Work task >>
What lines of the material hold the string "angles"? Pull each of them out.
***
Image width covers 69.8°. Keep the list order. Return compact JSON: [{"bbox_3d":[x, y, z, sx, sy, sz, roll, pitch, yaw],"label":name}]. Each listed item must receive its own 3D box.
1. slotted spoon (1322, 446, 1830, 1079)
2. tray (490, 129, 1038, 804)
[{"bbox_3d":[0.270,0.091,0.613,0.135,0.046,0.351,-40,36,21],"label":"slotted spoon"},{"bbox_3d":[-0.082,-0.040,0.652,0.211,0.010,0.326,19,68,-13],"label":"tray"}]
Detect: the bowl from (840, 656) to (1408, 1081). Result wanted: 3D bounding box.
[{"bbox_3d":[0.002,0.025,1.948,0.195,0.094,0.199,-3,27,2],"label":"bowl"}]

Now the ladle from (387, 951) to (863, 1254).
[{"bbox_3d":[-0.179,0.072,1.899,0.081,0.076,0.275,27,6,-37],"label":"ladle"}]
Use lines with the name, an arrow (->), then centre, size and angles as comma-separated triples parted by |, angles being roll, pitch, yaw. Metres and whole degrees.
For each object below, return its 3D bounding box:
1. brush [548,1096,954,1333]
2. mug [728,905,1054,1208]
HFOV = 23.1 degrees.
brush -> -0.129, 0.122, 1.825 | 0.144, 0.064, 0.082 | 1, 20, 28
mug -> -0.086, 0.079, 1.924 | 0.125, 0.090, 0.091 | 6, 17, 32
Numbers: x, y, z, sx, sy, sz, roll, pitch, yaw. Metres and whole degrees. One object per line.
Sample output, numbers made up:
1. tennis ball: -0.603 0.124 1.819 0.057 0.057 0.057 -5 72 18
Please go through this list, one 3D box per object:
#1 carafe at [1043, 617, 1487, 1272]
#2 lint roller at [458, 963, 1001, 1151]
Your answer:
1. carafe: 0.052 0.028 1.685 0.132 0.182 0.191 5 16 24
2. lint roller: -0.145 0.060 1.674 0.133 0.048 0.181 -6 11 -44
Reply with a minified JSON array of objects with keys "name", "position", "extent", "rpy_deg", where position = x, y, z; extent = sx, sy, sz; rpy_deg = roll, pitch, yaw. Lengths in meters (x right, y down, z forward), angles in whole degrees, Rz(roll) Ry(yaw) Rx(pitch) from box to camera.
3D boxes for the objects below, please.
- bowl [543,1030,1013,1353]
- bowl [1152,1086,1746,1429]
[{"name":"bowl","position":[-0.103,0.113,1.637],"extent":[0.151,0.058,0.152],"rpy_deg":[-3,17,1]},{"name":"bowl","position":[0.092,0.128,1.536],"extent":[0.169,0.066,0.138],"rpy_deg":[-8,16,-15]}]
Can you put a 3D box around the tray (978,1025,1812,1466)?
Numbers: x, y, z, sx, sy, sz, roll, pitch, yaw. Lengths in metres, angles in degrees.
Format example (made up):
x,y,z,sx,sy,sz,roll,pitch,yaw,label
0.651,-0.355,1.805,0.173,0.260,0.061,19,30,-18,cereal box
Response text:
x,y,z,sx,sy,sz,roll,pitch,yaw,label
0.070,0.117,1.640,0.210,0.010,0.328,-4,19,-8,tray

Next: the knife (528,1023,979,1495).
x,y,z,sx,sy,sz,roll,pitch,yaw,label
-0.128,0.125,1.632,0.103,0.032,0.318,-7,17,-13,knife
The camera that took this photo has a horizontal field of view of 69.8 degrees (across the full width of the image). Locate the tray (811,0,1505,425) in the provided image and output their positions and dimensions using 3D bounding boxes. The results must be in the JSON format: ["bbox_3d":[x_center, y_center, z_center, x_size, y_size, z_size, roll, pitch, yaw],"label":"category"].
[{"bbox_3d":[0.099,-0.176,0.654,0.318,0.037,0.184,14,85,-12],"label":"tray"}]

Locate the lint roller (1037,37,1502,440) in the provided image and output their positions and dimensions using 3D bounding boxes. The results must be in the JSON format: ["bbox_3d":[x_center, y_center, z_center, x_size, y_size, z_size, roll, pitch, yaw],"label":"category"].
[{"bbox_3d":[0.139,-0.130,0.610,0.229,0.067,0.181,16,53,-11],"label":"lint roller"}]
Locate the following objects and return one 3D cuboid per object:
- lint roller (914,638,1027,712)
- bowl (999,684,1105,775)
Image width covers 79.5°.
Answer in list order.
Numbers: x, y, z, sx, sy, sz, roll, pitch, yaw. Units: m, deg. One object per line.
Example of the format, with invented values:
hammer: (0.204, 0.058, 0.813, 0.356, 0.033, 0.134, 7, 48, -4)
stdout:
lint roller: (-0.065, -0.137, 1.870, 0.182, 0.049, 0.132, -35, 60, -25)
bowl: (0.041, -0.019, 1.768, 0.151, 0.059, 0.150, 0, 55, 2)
***
Finished task >>
Use lines with the name, an arrow (->), then centre, size and angles as comma-separated triples parted by |, angles being roll, pitch, yaw. Metres and whole degrees.
Reply with a minified JSON array of objects with keys "name", "position", "extent", "rpy_deg", where position = x, y, z; extent = sx, sy, sz; rpy_deg = roll, pitch, yaw. Lengths in meters (x right, y down, z forward), angles in whole degrees, Rz(roll) Ry(yaw) Rx(pitch) from box to camera.
Numbers: x, y, z, sx, sy, sz, roll, pitch, yaw. Lengths in metres, angles in degrees.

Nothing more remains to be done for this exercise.